= SUPPLIED DATA =
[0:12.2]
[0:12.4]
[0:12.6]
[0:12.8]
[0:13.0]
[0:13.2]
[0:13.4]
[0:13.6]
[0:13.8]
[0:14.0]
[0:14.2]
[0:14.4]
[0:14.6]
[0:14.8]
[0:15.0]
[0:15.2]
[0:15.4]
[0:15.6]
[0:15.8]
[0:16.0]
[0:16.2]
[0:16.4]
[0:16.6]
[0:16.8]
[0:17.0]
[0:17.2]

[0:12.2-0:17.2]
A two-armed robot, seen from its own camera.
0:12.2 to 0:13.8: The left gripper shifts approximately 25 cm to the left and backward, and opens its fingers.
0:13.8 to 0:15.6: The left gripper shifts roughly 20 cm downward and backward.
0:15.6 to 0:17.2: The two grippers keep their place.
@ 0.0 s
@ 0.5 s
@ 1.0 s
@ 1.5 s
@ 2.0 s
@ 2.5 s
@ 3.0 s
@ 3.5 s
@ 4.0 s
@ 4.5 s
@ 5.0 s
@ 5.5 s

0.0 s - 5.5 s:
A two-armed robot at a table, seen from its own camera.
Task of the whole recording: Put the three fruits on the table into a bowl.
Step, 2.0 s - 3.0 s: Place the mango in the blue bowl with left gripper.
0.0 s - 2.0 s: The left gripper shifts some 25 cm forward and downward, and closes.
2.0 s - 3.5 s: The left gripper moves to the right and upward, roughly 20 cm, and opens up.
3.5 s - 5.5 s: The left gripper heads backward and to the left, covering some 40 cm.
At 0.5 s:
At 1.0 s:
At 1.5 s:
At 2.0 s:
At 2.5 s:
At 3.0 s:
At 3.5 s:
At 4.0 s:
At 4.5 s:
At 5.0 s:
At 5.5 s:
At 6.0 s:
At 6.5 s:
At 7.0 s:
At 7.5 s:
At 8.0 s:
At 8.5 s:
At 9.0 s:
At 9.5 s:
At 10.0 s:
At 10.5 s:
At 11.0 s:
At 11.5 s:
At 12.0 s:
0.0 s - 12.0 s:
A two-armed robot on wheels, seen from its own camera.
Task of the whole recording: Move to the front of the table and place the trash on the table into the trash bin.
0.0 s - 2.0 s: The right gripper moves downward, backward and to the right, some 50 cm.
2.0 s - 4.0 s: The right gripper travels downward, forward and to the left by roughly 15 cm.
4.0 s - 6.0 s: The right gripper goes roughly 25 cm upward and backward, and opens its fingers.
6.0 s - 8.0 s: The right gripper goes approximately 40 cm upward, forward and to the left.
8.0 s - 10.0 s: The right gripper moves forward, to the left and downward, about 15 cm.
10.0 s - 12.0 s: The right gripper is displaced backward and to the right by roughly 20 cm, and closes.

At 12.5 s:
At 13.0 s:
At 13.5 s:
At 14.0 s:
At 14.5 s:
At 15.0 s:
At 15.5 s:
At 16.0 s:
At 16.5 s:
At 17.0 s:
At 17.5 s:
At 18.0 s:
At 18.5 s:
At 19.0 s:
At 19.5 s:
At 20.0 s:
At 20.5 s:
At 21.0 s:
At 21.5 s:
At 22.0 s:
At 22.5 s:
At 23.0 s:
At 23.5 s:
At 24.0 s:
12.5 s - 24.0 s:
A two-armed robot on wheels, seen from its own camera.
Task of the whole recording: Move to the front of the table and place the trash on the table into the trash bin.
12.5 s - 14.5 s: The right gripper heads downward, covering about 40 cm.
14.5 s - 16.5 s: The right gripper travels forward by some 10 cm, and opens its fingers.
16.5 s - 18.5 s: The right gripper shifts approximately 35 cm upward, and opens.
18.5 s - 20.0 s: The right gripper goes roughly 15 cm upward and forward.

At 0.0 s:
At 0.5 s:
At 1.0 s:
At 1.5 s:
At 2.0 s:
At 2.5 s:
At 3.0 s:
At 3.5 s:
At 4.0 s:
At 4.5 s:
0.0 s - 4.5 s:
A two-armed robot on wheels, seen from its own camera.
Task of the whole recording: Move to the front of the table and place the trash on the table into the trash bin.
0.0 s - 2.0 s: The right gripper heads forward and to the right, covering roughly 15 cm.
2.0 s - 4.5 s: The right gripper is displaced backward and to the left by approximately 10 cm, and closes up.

= TASK INSTRUCTIONS =
Leaving no line out, return the data above verbatim.

= ANSWER FOR THE TASK =
[0:12.2]
[0:12.4]
[0:12.6]
[0:12.8]
[0:13.0]
[0:13.2]
[0:13.4]
[0:13.6]
[0:13.8]
[0:14.0]
[0:14.2]
[0:14.4]
[0:14.6]
[0:14.8]
[0:15.0]
[0:15.2]
[0:15.4]
[0:15.6]
[0:15.8]
[0:16.0]
[0:16.2]
[0:16.4]
[0:16.6]
[0:16.8]
[0:17.0]
[0:17.2]

[0:12.2-0:17.2]
A two-armed robot, seen from its own camera.
0:12.2 to 0:13.8: The left gripper shifts approximately 25 cm to the left and backward, and opens its fingers.
0:13.8 to 0:15.6: The left gripper shifts roughly 20 cm downward and backward.
0:15.6 to 0:17.2: The two grippers keep their place.
@ 0.0 s
@ 0.5 s
@ 1.0 s
@ 1.5 s
@ 2.0 s
@ 2.5 s
@ 3.0 s
@ 3.5 s
@ 4.0 s
@ 4.5 s
@ 5.0 s
@ 5.5 s

0.0 s - 5.5 s:
A two-armed robot at a table, seen from its own camera.
Task of the whole recording: Put the three fruits on the table into a bowl.
Step, 2.0 s - 3.0 s: Place the mango in the blue bowl with left gripper.
0.0 s - 2.0 s: The left gripper shifts some 25 cm forward and downward, and closes.
2.0 s - 3.5 s: The left gripper moves to the right and upward, roughly 20 cm, and opens up.
3.5 s - 5.5 s: The left gripper heads backward and to the left, covering some 40 cm.
At 0.5 s:
At 1.0 s:
At 1.5 s:
At 2.0 s:
At 2.5 s:
At 3.0 s:
At 3.5 s:
At 4.0 s:
At 4.5 s:
At 5.0 s:
At 5.5 s:
At 6.0 s:
At 6.5 s:
At 7.0 s:
At 7.5 s:
At 8.0 s:
At 8.5 s:
At 9.0 s:
At 9.5 s:
At 10.0 s:
At 10.5 s:
At 11.0 s:
At 11.5 s:
At 12.0 s:
0.0 s - 12.0 s:
A two-armed robot on wheels, seen from its own camera.
Task of the whole recording: Move to the front of the table and place the trash on the table into the trash bin.
0.0 s - 2.0 s: The right gripper moves downward, backward and to the right, some 50 cm.
2.0 s - 4.0 s: The right gripper travels downward, forward and to the left by roughly 15 cm.
4.0 s - 6.0 s: The right gripper goes roughly 25 cm upward and backward, and opens its fingers.
6.0 s - 8.0 s: The right gripper goes approximately 40 cm upward, forward and to the left.
8.0 s - 10.0 s: The right gripper moves forward, to the left and downward, about 15 cm.
10.0 s - 12.0 s: The right gripper is displaced backward and to the right by roughly 20 cm, and closes.

At 12.5 s:
At 13.0 s:
At 13.5 s:
At 14.0 s:
At 14.5 s:
At 15.0 s:
At 15.5 s:
At 16.0 s:
At 16.5 s:
At 17.0 s:
At 17.5 s:
At 18.0 s:
At 18.5 s:
At 19.0 s:
At 19.5 s:
At 20.0 s:
At 20.5 s:
At 21.0 s:
At 21.5 s:
At 22.0 s:
At 22.5 s:
At 23.0 s:
At 23.5 s:
At 24.0 s:
12.5 s - 24.0 s:
A two-armed robot on wheels, seen from its own camera.
Task of the whole recording: Move to the front of the table and place the trash on the table into the trash bin.
12.5 s - 14.5 s: The right gripper heads downward, covering about 40 cm.
14.5 s - 16.5 s: The right gripper travels forward by some 10 cm, and opens its fingers.
16.5 s - 18.5 s: The right gripper shifts approximately 35 cm upward, and opens.
18.5 s - 20.0 s: The right gripper goes roughly 15 cm upward and forward.

At 0.0 s:
At 0.5 s:
At 1.0 s:
At 1.5 s:
At 2.0 s:
At 2.5 s:
At 3.0 s:
At 3.5 s:
At 4.0 s:
At 4.5 s:
0.0 s - 4.5 s:
A two-armed robot on wheels, seen from its own camera.
Task of the whole recording: Move to the front of the table and place the trash on the table into the trash bin.
0.0 s - 2.0 s: The right gripper heads forward and to the right, covering roughly 15 cm.
2.0 s - 4.5 s: The right gripper is displaced backward and to the left by approximately 10 cm, and closes up.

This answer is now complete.